-- DATA EXTRACT follows --

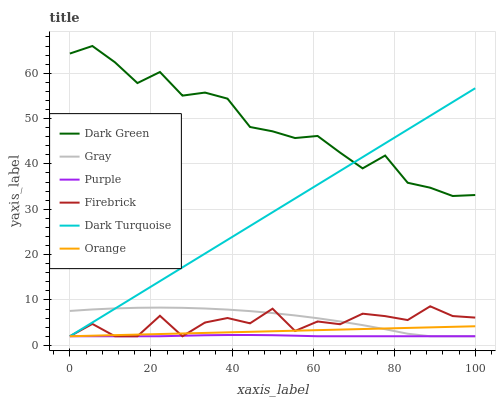Does Purple have the minimum area under the curve?
Answer yes or no. Yes. Does Dark Green have the maximum area under the curve?
Answer yes or no. Yes. Does Dark Turquoise have the minimum area under the curve?
Answer yes or no. No. Does Dark Turquoise have the maximum area under the curve?
Answer yes or no. No. Is Orange the smoothest?
Answer yes or no. Yes. Is Firebrick the roughest?
Answer yes or no. Yes. Is Purple the smoothest?
Answer yes or no. No. Is Purple the roughest?
Answer yes or no. No. Does Dark Green have the lowest value?
Answer yes or no. No. Does Dark Turquoise have the highest value?
Answer yes or no. No. Is Orange less than Dark Green?
Answer yes or no. Yes. Is Dark Green greater than Orange?
Answer yes or no. Yes. Does Orange intersect Dark Green?
Answer yes or no. No.

-- DATA EXTRACT concluded --

PROBLEM REQUIREMENTS
Look through the entries and copy every line in which the string "than" appears.

EXERCISE RESPONSE
Answer yes or no. No. Is Orange less than Dark Green?
Answer yes or no. Yes. Is Dark Green greater than Orange?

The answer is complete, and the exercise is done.